Extending the Pattern: Where to Go Next
Adding Persistent Memory
The script above already demonstrates the simplest form of persistent memory: an AGENT.md file that the script loads at startup and appends to the system prompt. This mirrors Claude Code's CLAUDE.md convention. Teams can store project conventions, architectural decisions, and known constraints in this file so the agent starts every session with relevant context.
Multi-Model and Local LLM Support
Because the agent loop is decoupled from the model provider, swapping the Anthropic client for any OpenAI-compatible API (Ollama, vLLM, llama.cpp's server mode) requires two changes: replace the anthropic.Anthropic() constructor and adapt the response content-block parsing. The trade-off is real, though: smaller open-weight models frequently emit malformed JSON tool calls or reference nonexistent tools. Evaluate any candidate model against your specific tool schemas before production use.

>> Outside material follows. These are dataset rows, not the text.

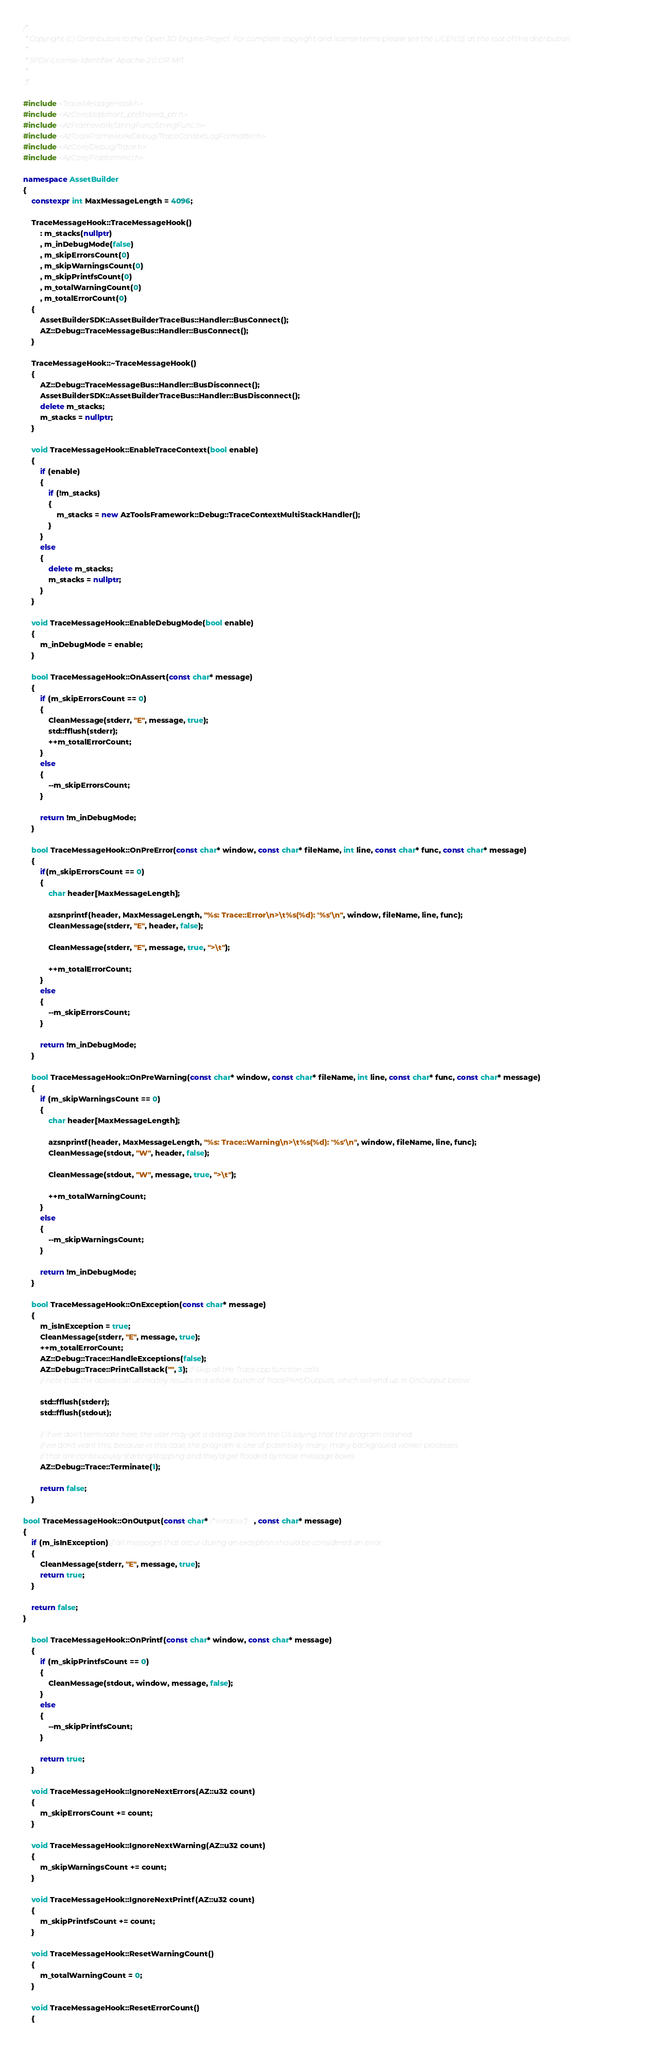<code> <loc_0><loc_0><loc_500><loc_500><_C++_>/*
 * Copyright (c) Contributors to the Open 3D Engine Project. For complete copyright and license terms please see the LICENSE at the root of this distribution.
 * 
 * SPDX-License-Identifier: Apache-2.0 OR MIT
 *
 */

#include <TraceMessageHook.h>
#include <AzCore/std/smart_ptr/shared_ptr.h>
#include <AzFramework/StringFunc/StringFunc.h>
#include <AzToolsFramework/Debug/TraceContextLogFormatter.h>
#include <AzCore/Debug/Trace.h>
#include <AzCore/PlatformIncl.h>

namespace AssetBuilder
{
    constexpr int MaxMessageLength = 4096;

    TraceMessageHook::TraceMessageHook()
        : m_stacks(nullptr)
        , m_inDebugMode(false)
        , m_skipErrorsCount(0)
        , m_skipWarningsCount(0)
        , m_skipPrintfsCount(0)
        , m_totalWarningCount(0)
        , m_totalErrorCount(0)
    {
        AssetBuilderSDK::AssetBuilderTraceBus::Handler::BusConnect();
        AZ::Debug::TraceMessageBus::Handler::BusConnect();
    }

    TraceMessageHook::~TraceMessageHook()
    {
        AZ::Debug::TraceMessageBus::Handler::BusDisconnect();
        AssetBuilderSDK::AssetBuilderTraceBus::Handler::BusDisconnect();
        delete m_stacks;
        m_stacks = nullptr;
    }

    void TraceMessageHook::EnableTraceContext(bool enable)
    {
        if (enable)
        {
            if (!m_stacks)
            {
                m_stacks = new AzToolsFramework::Debug::TraceContextMultiStackHandler();
            }
        }
        else
        {
            delete m_stacks;
            m_stacks = nullptr;
        }
    }

    void TraceMessageHook::EnableDebugMode(bool enable)
    {
        m_inDebugMode = enable;
    }

    bool TraceMessageHook::OnAssert(const char* message)
    {
        if (m_skipErrorsCount == 0)
        {
            CleanMessage(stderr, "E", message, true);
            std::fflush(stderr);
            ++m_totalErrorCount;
        }
        else
        {
            --m_skipErrorsCount;
        }

        return !m_inDebugMode;
    }

    bool TraceMessageHook::OnPreError(const char* window, const char* fileName, int line, const char* func, const char* message)
    {
        if(m_skipErrorsCount == 0)
        {
            char header[MaxMessageLength];

            azsnprintf(header, MaxMessageLength, "%s: Trace::Error\n>\t%s(%d): '%s'\n", window, fileName, line, func);
            CleanMessage(stderr, "E", header, false);

            CleanMessage(stderr, "E", message, true, ">\t");

            ++m_totalErrorCount;
        }
        else
        {
            --m_skipErrorsCount;
        }

        return !m_inDebugMode;
    }

    bool TraceMessageHook::OnPreWarning(const char* window, const char* fileName, int line, const char* func, const char* message)
    {
        if (m_skipWarningsCount == 0)
        {
            char header[MaxMessageLength];

            azsnprintf(header, MaxMessageLength, "%s: Trace::Warning\n>\t%s(%d): '%s'\n", window, fileName, line, func);
            CleanMessage(stdout, "W", header, false);

            CleanMessage(stdout, "W", message, true, ">\t");

            ++m_totalWarningCount;
        }
        else
        {
            --m_skipWarningsCount;
        }

        return !m_inDebugMode;
    }

    bool TraceMessageHook::OnException(const char* message)
    {
        m_isInException = true;
        CleanMessage(stderr, "E", message, true);
        ++m_totalErrorCount;
        AZ::Debug::Trace::HandleExceptions(false);
        AZ::Debug::Trace::PrintCallstack("", 3); // Skip all the Trace.cpp function calls
        // note that the above call ultimately results in a whole bunch of TracePrint/Outputs, which will end up in OnOutput below.

        std::fflush(stderr);
        std::fflush(stdout);

        // if we don't terminate here, the user may get a dialog box from the OS saying that the program crashed.
        // we don't want this, because in this case, the program is one of potentially many, many background worker processes
        // that are continuously starting/stopping and they'd get flooded by those message boxes.
        AZ::Debug::Trace::Terminate(1);

        return false;
    }

bool TraceMessageHook::OnOutput(const char* /*window*/, const char* message)
{
    if (m_isInException) // all messages that occur during an exception should be considered an error.
    {
        CleanMessage(stderr, "E", message, true);
        return true;
    }
    
    return false;
}

    bool TraceMessageHook::OnPrintf(const char* window, const char* message)
    {
        if (m_skipPrintfsCount == 0)
        {
            CleanMessage(stdout, window, message, false);
        }
        else
        {
            --m_skipPrintfsCount;
        }
        
        return true;
    }

    void TraceMessageHook::IgnoreNextErrors(AZ::u32 count)
    {
        m_skipErrorsCount += count;
    }

    void TraceMessageHook::IgnoreNextWarning(AZ::u32 count)
    {
        m_skipWarningsCount += count;
    }

    void TraceMessageHook::IgnoreNextPrintf(AZ::u32 count)
    {
        m_skipPrintfsCount += count;
    }

    void TraceMessageHook::ResetWarningCount()
    {
        m_totalWarningCount = 0;
    }

    void TraceMessageHook::ResetErrorCount()
    {</code>

MCP and External Tool Servers
The Model Context Protocol (MCP) is an open standard for externalizing tool surfaces, with published SDKs and adoption across multiple LLM providers and tooling ecosystems. Rather than hardcoding tool definitions in the agent script, MCP servers advertise available tools dynamically. This would let the agent above discover and use tools from any MCP-compliant server without code changes.
The terminal agent loop is a primitive, like the Unix pipe. Five tools and a compact Python script produce a working agent that reads, writes, searches, and executes across an entire codebase. Everything beyond that is extension, not reinvention.